Your task: Go through the listing beneath and show each line containing the string "Units".

Records to process:
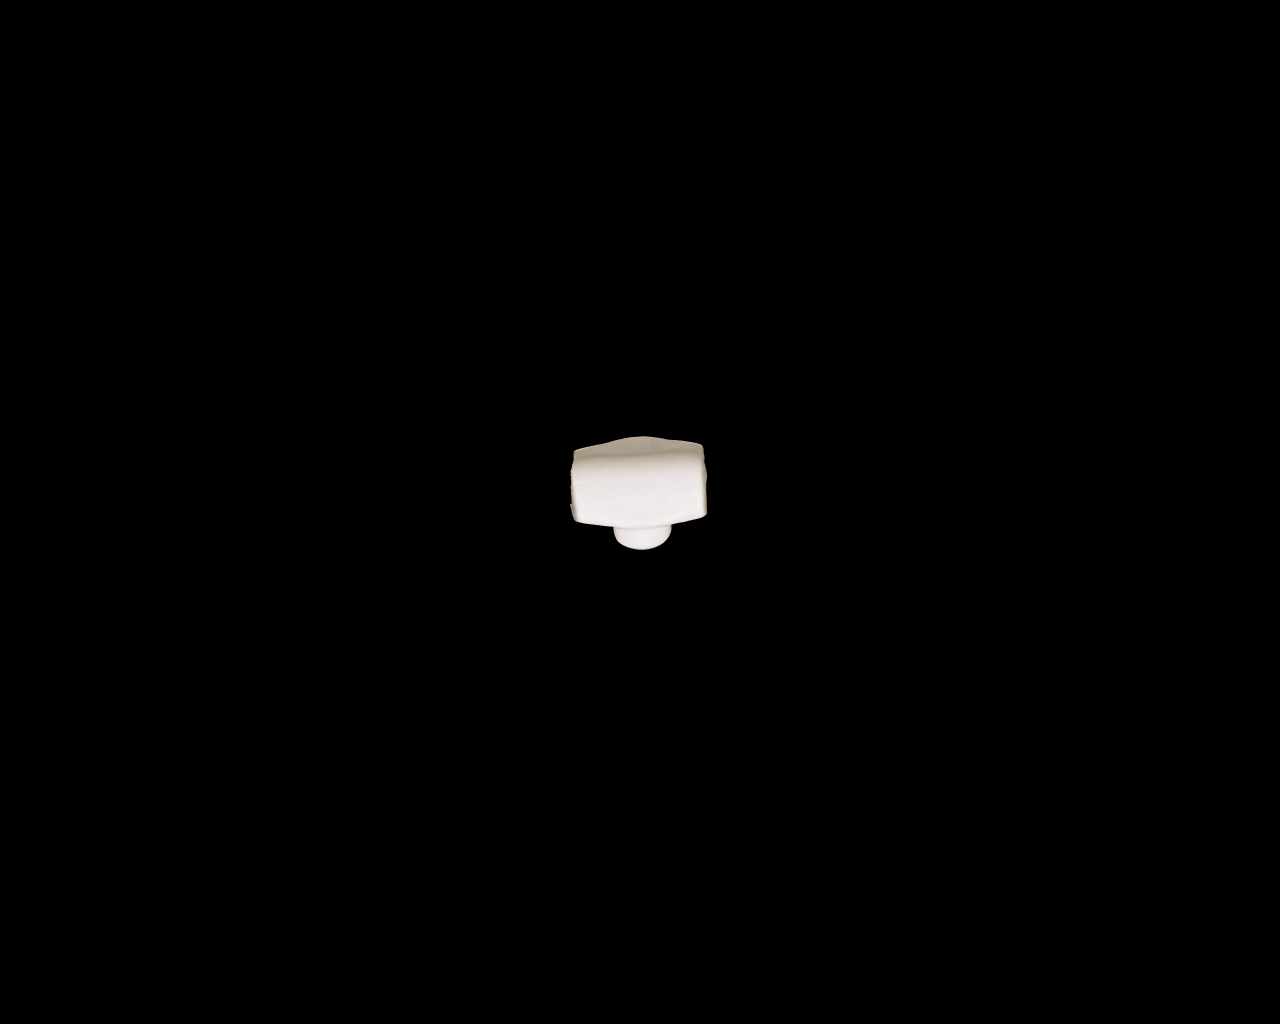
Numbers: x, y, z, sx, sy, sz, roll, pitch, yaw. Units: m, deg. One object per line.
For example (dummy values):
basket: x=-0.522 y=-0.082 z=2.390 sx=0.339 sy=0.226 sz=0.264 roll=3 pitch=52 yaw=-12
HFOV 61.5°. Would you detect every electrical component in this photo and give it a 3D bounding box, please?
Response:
electrical component: x=0.001 y=-0.003 z=0.650 sx=0.077 sy=0.079 sz=0.044 roll=-3 pitch=35 yaw=2
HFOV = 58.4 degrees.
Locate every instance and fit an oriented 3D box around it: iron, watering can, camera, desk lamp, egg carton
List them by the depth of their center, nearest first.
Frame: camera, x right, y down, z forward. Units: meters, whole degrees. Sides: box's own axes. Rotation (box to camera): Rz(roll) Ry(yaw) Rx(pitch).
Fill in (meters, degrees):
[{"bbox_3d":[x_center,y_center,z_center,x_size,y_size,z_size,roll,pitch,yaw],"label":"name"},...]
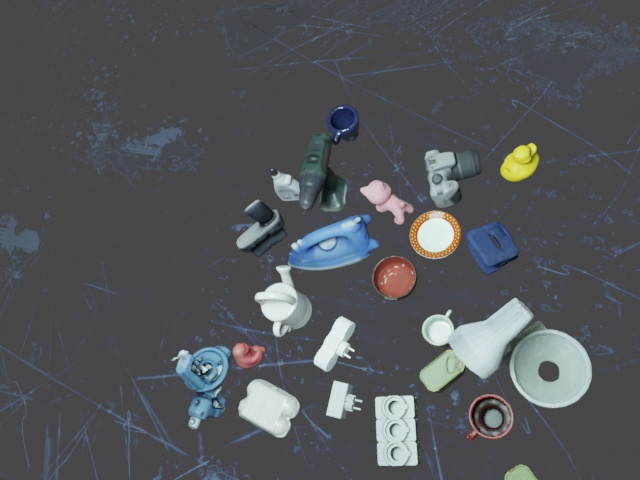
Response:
[{"bbox_3d":[0.390,0.208,1.248,0.203,0.214,0.117,-40,63,2],"label":"desk lamp"},{"bbox_3d":[-0.127,0.417,1.426,0.150,0.069,0.107,20,78,24],"label":"egg carton"},{"bbox_3d":[-0.099,0.152,1.444,0.101,0.194,0.172,-20,66,11],"label":"watering can"},{"bbox_3d":[0.342,-0.174,1.466,0.136,0.101,0.143,-13,67,14],"label":"camera"},{"bbox_3d":[0.014,0.005,1.489,0.258,0.142,0.118,-20,66,11],"label":"iron"}]

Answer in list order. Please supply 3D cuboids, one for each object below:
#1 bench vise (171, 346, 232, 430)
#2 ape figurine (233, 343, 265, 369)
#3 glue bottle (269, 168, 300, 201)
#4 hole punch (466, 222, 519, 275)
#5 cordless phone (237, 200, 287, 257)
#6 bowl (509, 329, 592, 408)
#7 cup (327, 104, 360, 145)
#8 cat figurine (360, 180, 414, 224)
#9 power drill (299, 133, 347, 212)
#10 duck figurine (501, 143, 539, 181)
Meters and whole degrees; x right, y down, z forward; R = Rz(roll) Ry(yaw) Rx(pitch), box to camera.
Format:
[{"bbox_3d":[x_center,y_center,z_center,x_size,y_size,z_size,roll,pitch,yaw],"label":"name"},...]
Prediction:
[{"bbox_3d":[-0.290,0.356,1.420,0.121,0.220,0.207,-13,67,14],"label":"bench vise"},{"bbox_3d":[-0.194,0.293,1.482,0.077,0.092,0.076,39,87,26],"label":"ape figurine"},{"bbox_3d":[-0.099,-0.156,1.568,0.078,0.173,0.037,-2,70,18],"label":"glue bottle"},{"bbox_3d":[0.415,0.011,1.380,0.101,0.091,0.108,-32,64,5],"label":"hole punch"},{"bbox_3d":[-0.181,-0.041,1.547,0.147,0.185,0.094,-41,63,1],"label":"cordless phone"},{"bbox_3d":[0.504,0.286,1.259,0.167,0.075,0.167,-6,69,17],"label":"bowl"},{"bbox_3d":[0.070,-0.307,1.610,0.091,0.095,0.118,15,76,23],"label":"cup"},{"bbox_3d":[0.173,-0.110,1.490,0.127,0.118,0.067,33,84,26],"label":"cat figurine"},{"bbox_3d":[0.006,-0.154,1.512,0.075,0.209,0.230,0,71,19],"label":"power drill"},{"bbox_3d":[0.499,-0.200,1.431,0.104,0.086,0.077,-37,64,3],"label":"duck figurine"}]
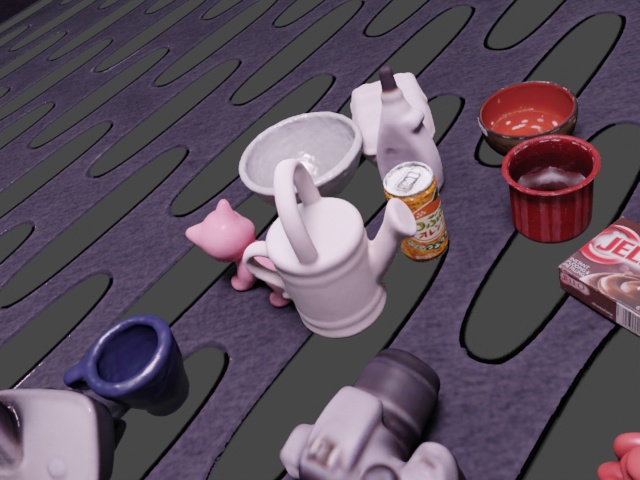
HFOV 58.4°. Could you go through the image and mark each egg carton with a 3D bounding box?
[{"bbox_3d":[0.099,-0.167,0.789,0.107,0.070,0.150,-15,43,8],"label":"egg carton"}]

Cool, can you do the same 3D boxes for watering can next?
[{"bbox_3d":[0.005,0.000,0.568,0.173,0.194,0.100,-25,43,-1],"label":"watering can"}]

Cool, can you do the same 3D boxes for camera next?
[{"bbox_3d":[0.055,0.157,0.459,0.142,0.101,0.137,15,55,34],"label":"camera"}]

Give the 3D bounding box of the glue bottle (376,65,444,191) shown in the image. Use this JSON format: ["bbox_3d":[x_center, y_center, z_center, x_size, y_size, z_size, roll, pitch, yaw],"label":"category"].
[{"bbox_3d":[0.096,-0.127,0.672,0.077,0.173,0.037,10,52,31],"label":"glue bottle"}]

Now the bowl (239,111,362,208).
[{"bbox_3d":[-0.018,-0.093,0.760,0.167,0.075,0.167,-12,44,12],"label":"bowl"}]

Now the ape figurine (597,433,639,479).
[{"bbox_3d":[0.225,0.165,0.385,0.075,0.092,0.078,16,55,35],"label":"ape figurine"}]

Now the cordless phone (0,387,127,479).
[{"bbox_3d":[-0.285,0.167,0.532,0.147,0.185,0.094,-6,45,18],"label":"cordless phone"}]

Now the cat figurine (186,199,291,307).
[{"bbox_3d":[-0.086,0.007,0.657,0.127,0.118,0.067,13,54,33],"label":"cat figurine"}]

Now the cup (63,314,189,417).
[{"bbox_3d":[-0.187,0.142,0.582,0.117,0.095,0.091,-21,43,3],"label":"cup"}]
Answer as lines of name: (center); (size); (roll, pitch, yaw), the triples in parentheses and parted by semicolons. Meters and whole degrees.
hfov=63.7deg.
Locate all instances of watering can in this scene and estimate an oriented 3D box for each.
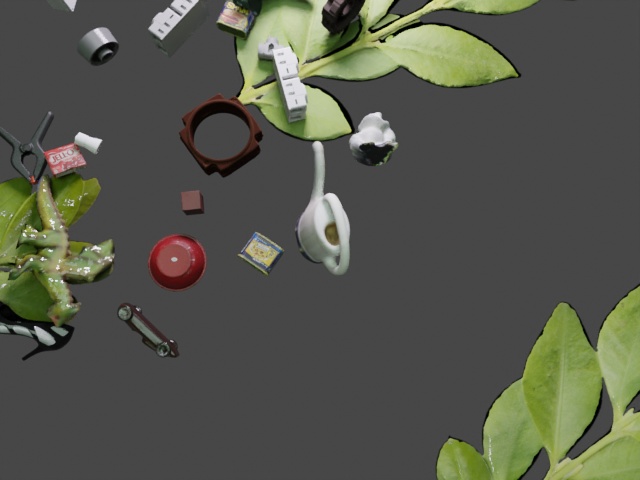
watering can: (0.004, -0.069, 1.378); (0.104, 0.221, 0.351); (-8, 78, -24)

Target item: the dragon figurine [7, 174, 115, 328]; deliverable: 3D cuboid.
dragon figurine: (-0.678, 0.024, 1.381); (0.242, 0.120, 0.418); (13, 66, -20)

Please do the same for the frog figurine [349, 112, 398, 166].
frog figurine: (0.150, -0.295, 1.505); (0.137, 0.120, 0.163); (-15, 45, 2)
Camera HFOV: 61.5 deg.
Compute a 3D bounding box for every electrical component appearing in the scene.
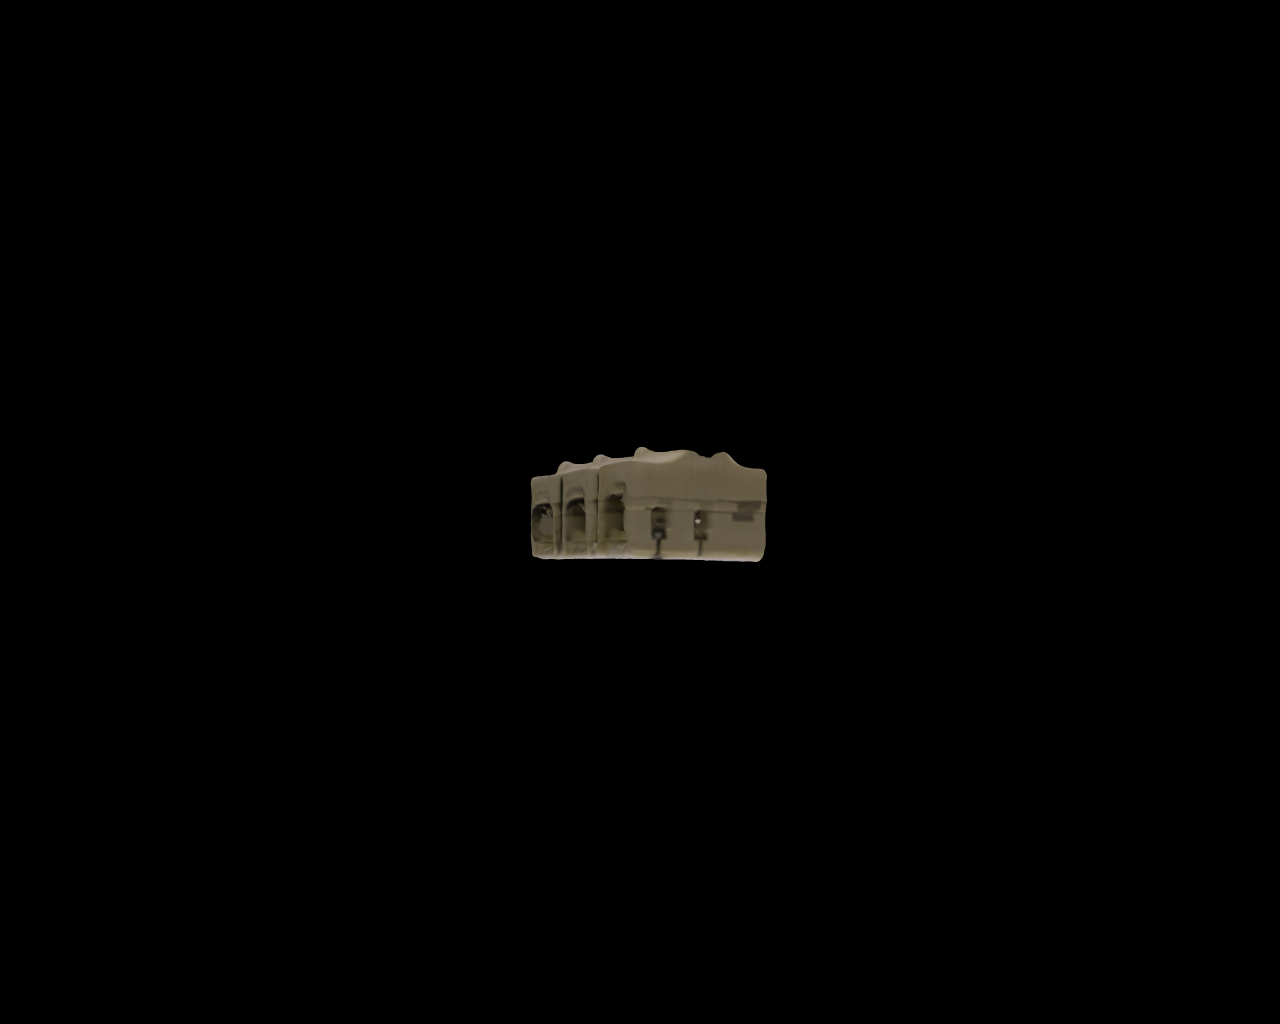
[{"bbox_3d":[0.001,-0.003,0.650,0.089,0.061,0.150,1,-2,-28],"label":"electrical component"}]
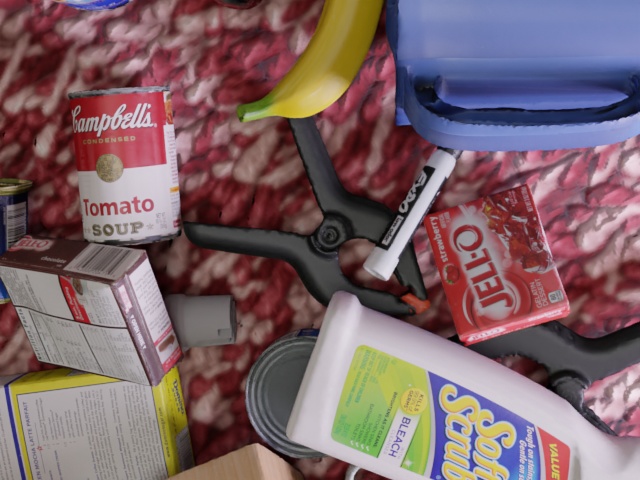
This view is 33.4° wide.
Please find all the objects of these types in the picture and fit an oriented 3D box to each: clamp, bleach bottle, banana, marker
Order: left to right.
[{"bbox_3d":[-0.005,0.001,0.720,0.120,0.039,0.171,-44,87,7],"label":"clamp"},{"bbox_3d":[0.011,-0.159,0.683,0.069,0.037,0.198,14,100,-34],"label":"banana"},{"bbox_3d":[0.067,-0.029,0.700,0.020,0.020,0.121,31,80,4],"label":"marker"},{"bbox_3d":[0.111,0.120,0.672,0.251,0.068,0.102,19,100,3],"label":"bleach bottle"},{"bbox_3d":[0.171,0.091,0.707,0.210,0.036,0.164,16,99,7],"label":"clamp"}]

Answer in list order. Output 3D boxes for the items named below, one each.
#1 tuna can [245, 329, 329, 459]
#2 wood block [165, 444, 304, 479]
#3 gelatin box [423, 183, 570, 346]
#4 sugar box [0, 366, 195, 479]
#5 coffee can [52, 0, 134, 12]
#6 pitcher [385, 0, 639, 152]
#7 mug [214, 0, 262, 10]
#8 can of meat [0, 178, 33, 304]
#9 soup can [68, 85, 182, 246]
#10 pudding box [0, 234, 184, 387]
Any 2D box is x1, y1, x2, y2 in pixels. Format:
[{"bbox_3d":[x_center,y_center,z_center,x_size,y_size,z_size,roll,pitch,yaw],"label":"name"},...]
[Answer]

Output:
Numbers: x, y, z, sx, sy, sz, roll, pitch, yaw. Units: m, deg. One object per line.
Frame: camera, x right, y down, z forward. Units: meters, whole degrees. Sides: box's own axes. Rotation (box to camera): Rz(roll) Ry(yaw) Rx(pitch).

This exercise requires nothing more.